(THE RECORDS begins)
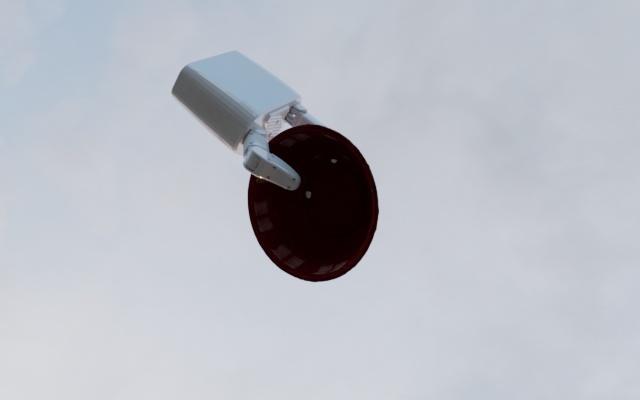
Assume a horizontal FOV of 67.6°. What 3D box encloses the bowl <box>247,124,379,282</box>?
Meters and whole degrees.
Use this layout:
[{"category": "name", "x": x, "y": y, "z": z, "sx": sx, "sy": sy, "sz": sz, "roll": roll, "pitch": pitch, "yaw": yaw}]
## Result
[{"category": "bowl", "x": 0.001, "y": 0.003, "z": 0.508, "sx": 0.162, "sy": 0.162, "sz": 0.055, "roll": 0, "pitch": 5, "yaw": 33}]
(THE RECORDS ends)
GOAL OF THE EXERCISE: Omit each picture, then return all of the listing exactly as it stands.

WRITTEN REPLY:
Assume a horizontal FOV of 67.6°. What 3D box encloses the bowl <box>247,124,379,282</box>?
Meters and whole degrees.
Use this layout:
[{"category": "name", "x": x, "y": y, "z": z, "sx": sx, "sy": sy, "sz": sz, "roll": roll, "pitch": pitch, "yaw": yaw}]
## Result
[{"category": "bowl", "x": 0.001, "y": 0.003, "z": 0.508, "sx": 0.162, "sy": 0.162, "sz": 0.055, "roll": 0, "pitch": 5, "yaw": 33}]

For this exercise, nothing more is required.